Monitor mode is a MAC level concept, and doesn't alter any of the RF characteristics that would make operating this device illegal. (This is not legal advice. Consult with an attorney, etc etc)
Cool stuff. Good to see them recognize and use advantages of analog. I could tell them digital transmission of data has always been done with analog circuits but analog's invisible ubiquity is beside the point. ;)
Hell yes! Or even hardware acceleration for starting in random parts of videos on my PC so they don't break up and delay as often. This is the digital era. It's supposed to work more reliably than old, analog tech. I used to be able to stop my rewind or fast-forward on VCR within a few seconds of the target moment with clean play. Still not reliable with digital streaming. (sighs)
Note: I do like how, even with errors, it still takes under 20 seconds for me to get to any random part of the vid. That's an improvement over the rewind/fast-forward speeds. :)
whereas analog media stored full resolution versions of every frame.
Seeking is much easier when you can pick any random location and have all the data right there ready to use, and you don't have to backtrack and try to recreate things from previous frames.
Isn't a lot of that related to how the video is encoded/decoded though? I have only a basic understanding of how it works through working with video (not developing or tweaking actual codecs) but when I'm doing VJ-type stuff in Resolume (for example) I use a setup where all clips are encoded with a keyframe every frame. It makes for some huge clips but I can scrub or jump around or manipulate clips with no delay at all.
On the opposite end you've got streaming video or even many common formats and settings for ripped/downloaded video. Those do a keyframe every (x) frames and then between keyframes the file only contains the data for changes to the keyframe.
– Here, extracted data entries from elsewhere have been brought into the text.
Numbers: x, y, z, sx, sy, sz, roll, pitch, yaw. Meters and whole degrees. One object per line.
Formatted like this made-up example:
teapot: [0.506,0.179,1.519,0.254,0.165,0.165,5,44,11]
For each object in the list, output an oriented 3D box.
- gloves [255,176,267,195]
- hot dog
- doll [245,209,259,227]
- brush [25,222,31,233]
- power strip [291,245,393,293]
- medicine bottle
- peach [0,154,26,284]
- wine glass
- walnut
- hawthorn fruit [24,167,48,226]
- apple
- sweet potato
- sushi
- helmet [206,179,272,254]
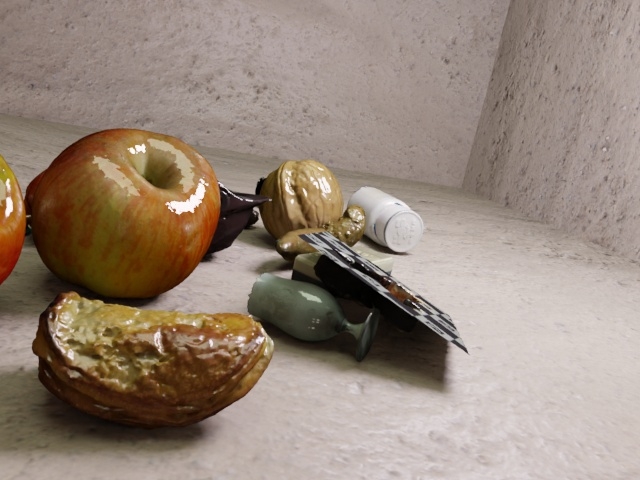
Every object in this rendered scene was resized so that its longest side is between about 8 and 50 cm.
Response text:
gloves: [-0.121,-0.155,1.860,0.129,0.106,0.181,16,19,24]
hot dog: [-0.190,0.138,0.665,0.259,0.114,0.175,11,9,-13]
doll: [-0.226,-0.072,1.566,0.139,0.057,0.165,20,12,41]
brush: [-0.609,-0.014,1.074,0.043,0.032,0.193,12,13,1]
power strip: [0.056,0.061,1.238,0.105,0.070,0.257,22,16,34]
medicine bottle: [0.185,-0.063,1.673,0.143,0.143,0.258,6,14,-22]
peach: [-0.550,-0.030,0.701,0.333,0.307,0.308,-3,13,5]
wine glass: [-0.014,0.117,0.916,0.202,0.092,0.093,16,15,19]
walnut: [-0.050,-0.095,1.443,0.228,0.228,0.228,11,14,-3]
hawthorn fruit: [-0.505,-0.069,1.155,0.174,0.173,0.179,9,41,-10]
apple: [-0.328,-0.034,0.967,0.302,0.301,0.301,11,14,-3]
sweet potato: [0.001,0.002,1.312,0.310,0.124,0.098,-21,55,-39]
sushi: [0.096,0.101,1.027,0.320,0.068,0.339,35,7,5]
helmet: [-0.273,-0.053,1.206,0.305,0.177,0.225,18,3,-12]
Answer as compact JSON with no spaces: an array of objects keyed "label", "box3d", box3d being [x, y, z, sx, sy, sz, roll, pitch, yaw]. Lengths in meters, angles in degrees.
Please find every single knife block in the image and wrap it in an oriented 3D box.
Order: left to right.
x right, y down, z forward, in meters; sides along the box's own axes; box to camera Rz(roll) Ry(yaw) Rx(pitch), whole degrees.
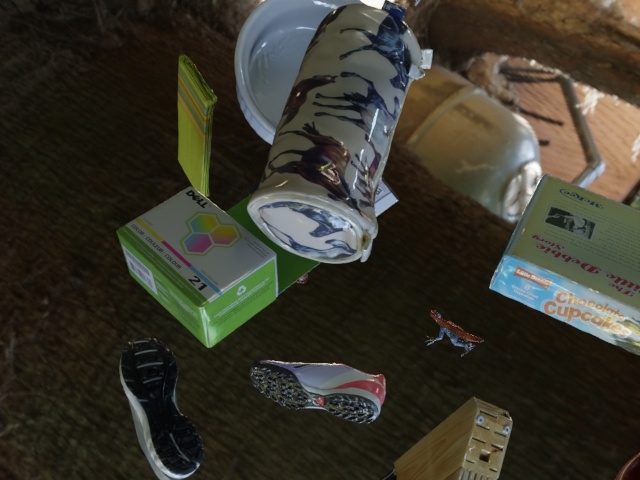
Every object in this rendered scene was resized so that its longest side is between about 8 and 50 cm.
[{"label":"knife block","box3d":[0.192,0.405,1.196,0.242,0.088,0.275,-4,-118,60]}]

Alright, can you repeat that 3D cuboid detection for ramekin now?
[{"label":"ramekin","box3d":[-0.016,-0.279,1.173,0.277,0.277,0.135,-45,-174,-13]}]

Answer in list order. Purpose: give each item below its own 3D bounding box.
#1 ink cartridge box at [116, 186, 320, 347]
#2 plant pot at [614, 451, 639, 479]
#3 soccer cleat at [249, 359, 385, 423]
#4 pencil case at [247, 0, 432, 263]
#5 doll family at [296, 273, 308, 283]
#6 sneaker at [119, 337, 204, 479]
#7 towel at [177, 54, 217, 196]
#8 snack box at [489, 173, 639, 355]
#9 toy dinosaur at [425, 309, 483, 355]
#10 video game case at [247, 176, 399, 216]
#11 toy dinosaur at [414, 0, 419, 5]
[{"label":"ink cartridge box","box3d":[-0.123,-0.001,0.965,0.255,0.189,0.097,-37,148,-28]},{"label":"plant pot","box3d":[0.497,0.308,0.686,0.273,0.265,0.272,-28,165,-8]},{"label":"soccer cleat","box3d":[-0.006,0.327,1.573,0.116,0.319,0.108,-57,152,-53]},{"label":"pencil case","box3d":[0.035,-0.155,0.952,0.159,0.184,0.410,75,27,-52]},{"label":"doll family","box3d":[0.000,0.000,1.210,0.193,0.076,0.111,-27,149,-27]},{"label":"sneaker","box3d":[-0.289,0.292,1.177,0.100,0.271,0.108,-5,146,-33]},{"label":"towel","box3d":[-0.196,-0.170,1.064,0.021,0.102,0.237,-21,154,-23]},{"label":"snack box","box3d":[0.371,0.049,0.756,0.187,0.322,0.060,-49,158,-45]},{"label":"toy dinosaur","box3d":[0.201,0.132,1.026,0.047,0.082,0.090,-21,161,-45]},{"label":"video game case","box3d":[0.013,-0.103,1.532,0.248,0.035,0.275,-37,132,8]},{"label":"toy dinosaur","box3d":[0.202,-0.423,0.789,0.314,0.121,0.160,-32,172,-13]}]

This gets you smaller files so your downloads are quicker and your streams look nicer while using less bandwidth.
I know there's a lot more to it but at least with locally stored files, I thought it mostly had to do with keyframes. With streaming I'd imagine it's related more to how the stream is managed to download in chunks and maximize quality versus bandwidth (rather than focusing on quick scrubbing or quick access to random points of the video).
I'm interested in this stuff so if there's something I'm missing or flat-out wrong about, feel free to educate me.
Oh I'm not a subject matter expert on video compression. I just know the difference between using a general-purpose CPU and the ASIC version of decoders is huge. It's why you have all these weak, low-power SOC's that can do 720/1080p etc. That's the hardware acceleration.
I doubt it's designed for the random access I'm describing, though. So, one for that might solve the problem. Might also need to be integrated with a good, storage subsystem if that causes any difficulties. Cool, though, that yours lets people jump around at will. :)
> Note: I do like how, even with errors, it still takes under 20 seconds for me to get to any random part of the vid. That's an improvement over the rewind/fast-forward speeds. :)
Don't forget not having to rewind after watching/before watching. Glad that whole class of annoyance is gone, much more annoying than poor random access :)
"Note: I do like how, even with errors, it still takes under 20 seconds for me to get to any random part of the vid. That's an improvement over the rewind/fast-forward speeds. :)"
I know man. It's a semi-joking and semi-serious post where I point that people step from one mental, model (reliable/p2p/digital) to another (lossy/continuous/analog) to come up with a good solution to a problem. In this case, kind of reinventing one but with a medium that has plenty of cheap HW supporting it. It's technically digital but most like analog for the average person's experience with the attributes.
Not electricity but analog circuits. Many people think they have one or the other while they have a mix of both leaning heavily toward digital. So many misconceptions about the topic.